The only thing I can think of -- late SysadminsLV.Asn1Parser.dll loading. To confirm this, try to run the application, do not open file for decoding in main window. Instead, open Converter dialog, paste sample cert content as PEM and then click Validate button:
this should trigger network connections. After that, no further connections should be made.
the connection is triggered just by opening the Converter ...
as I wrote earlier, connections are attempted until they are allowed through windows firewall (outbound). If I allow connection to succeed, no more attempts are made on subsequent actions (opening file, opening Converter)
From: Vadims Podans @.> Sent: Thursday, March 21, 2024 12:45 To: PKISolutions/Asn1Editor.WPF @.> Cc: sekmadienis @.>; Author @.> Subject: Re: [PKISolutions/Asn1Editor.WPF] Remote IP connection attempts each time upon opening the file to be analysed or edited (Issue #39)

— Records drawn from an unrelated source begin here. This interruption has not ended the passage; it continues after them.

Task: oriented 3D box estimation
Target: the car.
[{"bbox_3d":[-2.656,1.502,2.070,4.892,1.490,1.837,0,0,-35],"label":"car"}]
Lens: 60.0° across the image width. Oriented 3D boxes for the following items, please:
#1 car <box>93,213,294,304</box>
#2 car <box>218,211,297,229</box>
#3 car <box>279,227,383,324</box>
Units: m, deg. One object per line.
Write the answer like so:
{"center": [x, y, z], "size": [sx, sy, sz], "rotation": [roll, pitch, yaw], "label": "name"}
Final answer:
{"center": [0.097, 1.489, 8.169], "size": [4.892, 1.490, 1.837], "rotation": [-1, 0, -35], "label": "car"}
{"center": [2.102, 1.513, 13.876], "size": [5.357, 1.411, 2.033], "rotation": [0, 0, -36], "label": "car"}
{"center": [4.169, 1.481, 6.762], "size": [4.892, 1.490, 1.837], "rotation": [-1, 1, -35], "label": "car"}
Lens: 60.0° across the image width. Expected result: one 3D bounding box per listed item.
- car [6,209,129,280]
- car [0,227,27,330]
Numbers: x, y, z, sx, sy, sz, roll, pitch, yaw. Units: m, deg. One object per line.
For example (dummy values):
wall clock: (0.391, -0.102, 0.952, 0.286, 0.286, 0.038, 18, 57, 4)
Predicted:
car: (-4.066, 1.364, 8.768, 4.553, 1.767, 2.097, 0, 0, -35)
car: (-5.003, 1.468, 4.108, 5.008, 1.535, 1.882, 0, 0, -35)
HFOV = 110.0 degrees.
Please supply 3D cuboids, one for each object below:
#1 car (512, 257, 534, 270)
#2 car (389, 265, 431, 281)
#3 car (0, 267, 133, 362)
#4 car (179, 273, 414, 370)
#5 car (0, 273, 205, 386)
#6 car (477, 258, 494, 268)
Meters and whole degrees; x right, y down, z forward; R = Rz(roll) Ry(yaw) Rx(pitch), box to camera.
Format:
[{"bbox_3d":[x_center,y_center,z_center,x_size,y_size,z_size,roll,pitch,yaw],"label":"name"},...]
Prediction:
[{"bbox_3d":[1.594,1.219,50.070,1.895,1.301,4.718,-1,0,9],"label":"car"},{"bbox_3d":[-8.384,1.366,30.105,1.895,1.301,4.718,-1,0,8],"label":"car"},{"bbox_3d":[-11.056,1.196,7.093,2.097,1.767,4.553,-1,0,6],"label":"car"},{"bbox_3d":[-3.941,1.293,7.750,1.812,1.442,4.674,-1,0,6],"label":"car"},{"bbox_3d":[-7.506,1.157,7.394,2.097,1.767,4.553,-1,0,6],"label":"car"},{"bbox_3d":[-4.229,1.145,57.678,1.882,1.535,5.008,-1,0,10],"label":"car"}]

The only thing I can think of -- late SysadminsLV.Asn1Parser.dll loading. To confirm this, try to run the application, do not open file for decoding in main window. Instead, open Converter dialog, paste sample cert content as PEM and then click Validate button:
image.png (view on web)https://github.com/PKISolutions/Asn1Editor.WPF/assets/6384119/2ef91403-a4ae-4927-8483-ad36051dbcde
this should trigger network connections. After that, no further connections should be made.
— Reply to this email directly, view it on GitHubhttps://github.com/PKISolutions/Asn1Editor.WPF/issues/39#issuecomment-2011905144, or unsubscribehttps://github.com/notifications/unsubscribe-auth/BAIKTNN5B6BAXS22NH72OLTYZK23TAVCNFSM6AAAAABE46XWTOVHI2DSMVQWIX3LMV43OSLTON2WKQ3PNVWWK3TUHMZDAMJRHEYDKMJUGQ. You are receiving this because you authored the thread.Message ID: @.***>
the connection is triggered just by opening the Converter ...
yeah, then these connections are indeed triggered when application [lazily] loads SysadminsLV.Asn1Parser.dll dependency using implicit System.Reflection.Assembly.Load* call. And this call triggers signature validation since the module being loaded is digitally signed. Unfortunately, I can't do anything here because I don't own Microsoft code. Shipping unsigned binaries is not an option.